(Beginning of PROVIDED RECORDS)

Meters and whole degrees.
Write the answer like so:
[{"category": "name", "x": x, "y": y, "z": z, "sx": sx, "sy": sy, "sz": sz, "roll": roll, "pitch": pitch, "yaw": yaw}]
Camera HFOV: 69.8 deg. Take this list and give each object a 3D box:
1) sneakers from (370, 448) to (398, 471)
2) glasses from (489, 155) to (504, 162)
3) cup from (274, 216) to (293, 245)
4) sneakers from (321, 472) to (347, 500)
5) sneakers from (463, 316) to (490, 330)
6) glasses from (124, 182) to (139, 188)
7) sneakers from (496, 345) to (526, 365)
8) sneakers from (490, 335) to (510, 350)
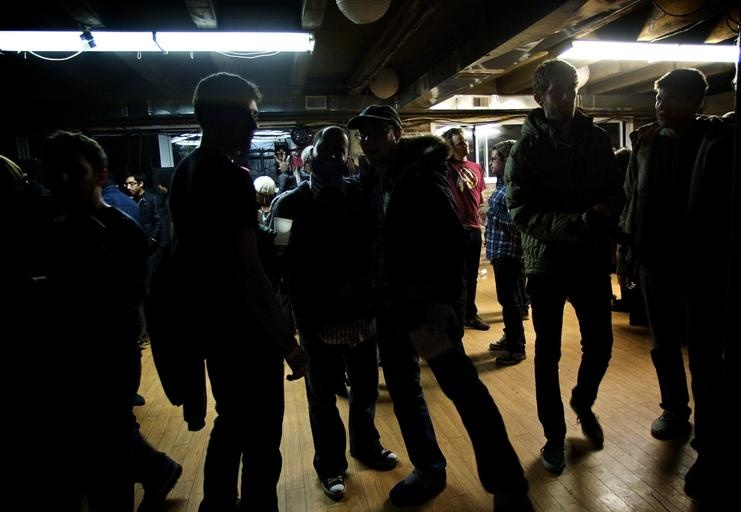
[{"category": "sneakers", "x": 0.077, "y": 1.245, "z": 3.231, "sx": 0.208, "sy": 0.085, "sz": 0.080, "roll": -1, "pitch": 5, "yaw": -1}, {"category": "glasses", "x": 1.158, "y": -0.910, "z": 4.845, "sx": 0.077, "sy": 0.039, "sz": 0.057, "roll": 4, "pitch": 1, "yaw": 10}, {"category": "cup", "x": -0.459, "y": -0.140, "z": 2.798, "sx": 0.134, "sy": 0.137, "sz": 0.126, "roll": 3, "pitch": -3, "yaw": 0}, {"category": "sneakers", "x": -0.201, "y": 1.335, "z": 3.056, "sx": 0.132, "sy": 0.118, "sz": 0.102, "roll": -5, "pitch": 13, "yaw": -11}, {"category": "sneakers", "x": 1.068, "y": 0.680, "z": 5.390, "sx": 0.274, "sy": 0.102, "sz": 0.101, "roll": 0, "pitch": 5, "yaw": 28}, {"category": "glasses", "x": -2.768, "y": -0.832, "z": 6.191, "sx": 0.096, "sy": 0.029, "sz": 0.097, "roll": -1, "pitch": -8, "yaw": 20}, {"category": "sneakers", "x": 1.162, "y": 0.855, "z": 4.479, "sx": 0.293, "sy": 0.122, "sz": 0.102, "roll": 2, "pitch": -5, "yaw": -18}, {"category": "sneakers", "x": 1.130, "y": 0.772, "z": 4.724, "sx": 0.220, "sy": 0.090, "sz": 0.080, "roll": 3, "pitch": 3, "yaw": 38}]

(End of PROVIDED RECORDS)

◆ REQUIREMENT ◆
Do not include pictures. Copy only the lines running from the line with "Camera HFOV: 69.8" through the last line of the records, exactly as they appear.

◆ EXERCISE OUTPUT ◆
Camera HFOV: 69.8 deg. Take this list and give each object a 3D box:
1) sneakers from (370, 448) to (398, 471)
2) glasses from (489, 155) to (504, 162)
3) cup from (274, 216) to (293, 245)
4) sneakers from (321, 472) to (347, 500)
5) sneakers from (463, 316) to (490, 330)
6) glasses from (124, 182) to (139, 188)
7) sneakers from (496, 345) to (526, 365)
8) sneakers from (490, 335) to (510, 350)
[{"category": "sneakers", "x": 0.077, "y": 1.245, "z": 3.231, "sx": 0.208, "sy": 0.085, "sz": 0.080, "roll": -1, "pitch": 5, "yaw": -1}, {"category": "glasses", "x": 1.158, "y": -0.910, "z": 4.845, "sx": 0.077, "sy": 0.039, "sz": 0.057, "roll": 4, "pitch": 1, "yaw": 10}, {"category": "cup", "x": -0.459, "y": -0.140, "z": 2.798, "sx": 0.134, "sy": 0.137, "sz": 0.126, "roll": 3, "pitch": -3, "yaw": 0}, {"category": "sneakers", "x": -0.201, "y": 1.335, "z": 3.056, "sx": 0.132, "sy": 0.118, "sz": 0.102, "roll": -5, "pitch": 13, "yaw": -11}, {"category": "sneakers", "x": 1.068, "y": 0.680, "z": 5.390, "sx": 0.274, "sy": 0.102, "sz": 0.101, "roll": 0, "pitch": 5, "yaw": 28}, {"category": "glasses", "x": -2.768, "y": -0.832, "z": 6.191, "sx": 0.096, "sy": 0.029, "sz": 0.097, "roll": -1, "pitch": -8, "yaw": 20}, {"category": "sneakers", "x": 1.162, "y": 0.855, "z": 4.479, "sx": 0.293, "sy": 0.122, "sz": 0.102, "roll": 2, "pitch": -5, "yaw": -18}, {"category": "sneakers", "x": 1.130, "y": 0.772, "z": 4.724, "sx": 0.220, "sy": 0.090, "sz": 0.080, "roll": 3, "pitch": 3, "yaw": 38}]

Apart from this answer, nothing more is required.